◆ **WHAT THE TASK REQUIRES**:
Your answer must be every line of the data that holds the string "outline".

Excerpts from a dataset:
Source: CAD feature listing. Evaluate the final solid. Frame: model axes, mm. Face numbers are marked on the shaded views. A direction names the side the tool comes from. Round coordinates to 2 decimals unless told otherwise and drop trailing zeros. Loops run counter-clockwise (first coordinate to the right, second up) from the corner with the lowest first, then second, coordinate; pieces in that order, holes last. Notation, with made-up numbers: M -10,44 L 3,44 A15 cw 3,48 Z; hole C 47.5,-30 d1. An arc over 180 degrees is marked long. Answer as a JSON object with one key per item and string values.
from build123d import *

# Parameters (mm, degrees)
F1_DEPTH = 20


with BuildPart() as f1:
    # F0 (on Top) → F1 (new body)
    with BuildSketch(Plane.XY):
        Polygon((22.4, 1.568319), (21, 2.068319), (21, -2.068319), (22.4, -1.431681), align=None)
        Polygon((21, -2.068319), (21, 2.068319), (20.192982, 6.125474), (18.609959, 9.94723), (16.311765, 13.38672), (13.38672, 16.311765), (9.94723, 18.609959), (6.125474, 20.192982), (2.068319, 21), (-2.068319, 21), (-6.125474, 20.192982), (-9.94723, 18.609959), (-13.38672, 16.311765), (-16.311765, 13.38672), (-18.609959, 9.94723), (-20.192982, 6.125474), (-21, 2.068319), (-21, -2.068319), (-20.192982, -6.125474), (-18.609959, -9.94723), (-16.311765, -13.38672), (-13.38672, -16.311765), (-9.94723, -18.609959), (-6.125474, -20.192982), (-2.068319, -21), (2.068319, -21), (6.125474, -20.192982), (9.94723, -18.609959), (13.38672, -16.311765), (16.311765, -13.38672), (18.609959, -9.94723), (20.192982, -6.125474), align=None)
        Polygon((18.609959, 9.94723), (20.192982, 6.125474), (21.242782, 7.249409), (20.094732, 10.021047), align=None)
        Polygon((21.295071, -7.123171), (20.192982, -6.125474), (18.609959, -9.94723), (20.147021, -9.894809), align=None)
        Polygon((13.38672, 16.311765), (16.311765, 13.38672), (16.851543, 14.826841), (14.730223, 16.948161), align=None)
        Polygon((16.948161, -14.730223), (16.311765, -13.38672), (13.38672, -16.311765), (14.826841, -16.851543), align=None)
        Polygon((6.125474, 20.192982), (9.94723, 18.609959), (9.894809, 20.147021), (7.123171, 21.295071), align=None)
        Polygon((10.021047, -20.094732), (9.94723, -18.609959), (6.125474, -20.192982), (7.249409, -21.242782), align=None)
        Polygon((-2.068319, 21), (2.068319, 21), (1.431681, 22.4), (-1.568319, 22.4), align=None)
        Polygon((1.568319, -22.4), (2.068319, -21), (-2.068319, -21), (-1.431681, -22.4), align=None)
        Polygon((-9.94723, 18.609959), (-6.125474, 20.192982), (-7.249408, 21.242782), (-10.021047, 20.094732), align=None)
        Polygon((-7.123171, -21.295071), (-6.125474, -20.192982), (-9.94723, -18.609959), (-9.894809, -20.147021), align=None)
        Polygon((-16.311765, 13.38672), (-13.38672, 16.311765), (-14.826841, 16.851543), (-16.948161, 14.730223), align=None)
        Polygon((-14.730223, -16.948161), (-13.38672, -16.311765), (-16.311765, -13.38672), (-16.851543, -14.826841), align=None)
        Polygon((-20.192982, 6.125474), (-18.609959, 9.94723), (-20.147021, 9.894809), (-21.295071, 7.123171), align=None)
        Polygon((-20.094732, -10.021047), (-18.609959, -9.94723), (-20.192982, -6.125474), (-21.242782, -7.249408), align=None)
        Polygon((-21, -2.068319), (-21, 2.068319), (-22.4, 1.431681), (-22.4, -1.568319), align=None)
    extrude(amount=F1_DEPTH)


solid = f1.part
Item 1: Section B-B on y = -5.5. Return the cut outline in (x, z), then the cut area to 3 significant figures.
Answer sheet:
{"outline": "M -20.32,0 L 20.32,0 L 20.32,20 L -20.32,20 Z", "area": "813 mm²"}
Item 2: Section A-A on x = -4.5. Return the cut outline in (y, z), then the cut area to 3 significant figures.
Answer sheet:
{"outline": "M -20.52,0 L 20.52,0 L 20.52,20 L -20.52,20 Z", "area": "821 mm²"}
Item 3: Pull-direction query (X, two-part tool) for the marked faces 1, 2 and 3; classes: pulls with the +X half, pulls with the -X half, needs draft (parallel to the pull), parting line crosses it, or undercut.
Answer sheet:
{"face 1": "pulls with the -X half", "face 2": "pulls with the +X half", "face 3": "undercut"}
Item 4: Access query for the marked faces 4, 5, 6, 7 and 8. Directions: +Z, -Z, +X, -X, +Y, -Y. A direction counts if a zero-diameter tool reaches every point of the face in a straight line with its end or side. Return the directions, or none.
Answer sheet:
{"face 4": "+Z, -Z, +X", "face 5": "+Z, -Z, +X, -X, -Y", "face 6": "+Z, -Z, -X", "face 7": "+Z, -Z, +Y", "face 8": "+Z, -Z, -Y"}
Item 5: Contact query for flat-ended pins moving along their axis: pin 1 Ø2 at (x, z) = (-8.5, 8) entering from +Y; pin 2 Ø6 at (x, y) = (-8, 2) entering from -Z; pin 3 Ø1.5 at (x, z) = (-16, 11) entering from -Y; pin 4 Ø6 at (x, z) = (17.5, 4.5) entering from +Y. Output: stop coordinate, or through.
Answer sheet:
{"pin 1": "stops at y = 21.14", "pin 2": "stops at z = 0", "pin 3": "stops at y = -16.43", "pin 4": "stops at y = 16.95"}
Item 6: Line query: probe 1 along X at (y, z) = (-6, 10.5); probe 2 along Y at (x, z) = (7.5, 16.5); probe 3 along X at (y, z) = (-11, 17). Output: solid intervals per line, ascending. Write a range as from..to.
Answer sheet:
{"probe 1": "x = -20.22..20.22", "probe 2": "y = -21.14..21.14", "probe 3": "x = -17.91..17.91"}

◆ **RESPONSE TO THIS TASK**:
Item 1: Section B-B on y = -5.5. Return the cut outline in (x, z), then the cut area to 3 significant figures.
{"outline": "M -20.32,0 L 20.32,0 L 20.32,20 L -20.32,20 Z", "area": "813 mm²"}
Item 2: Section A-A on x = -4.5. Return the cut outline in (y, z), then the cut area to 3 significant figures.
{"outline": "M -20.52,0 L 20.52,0 L 20.52,20 L -20.52,20 Z", "area": "821 mm²"}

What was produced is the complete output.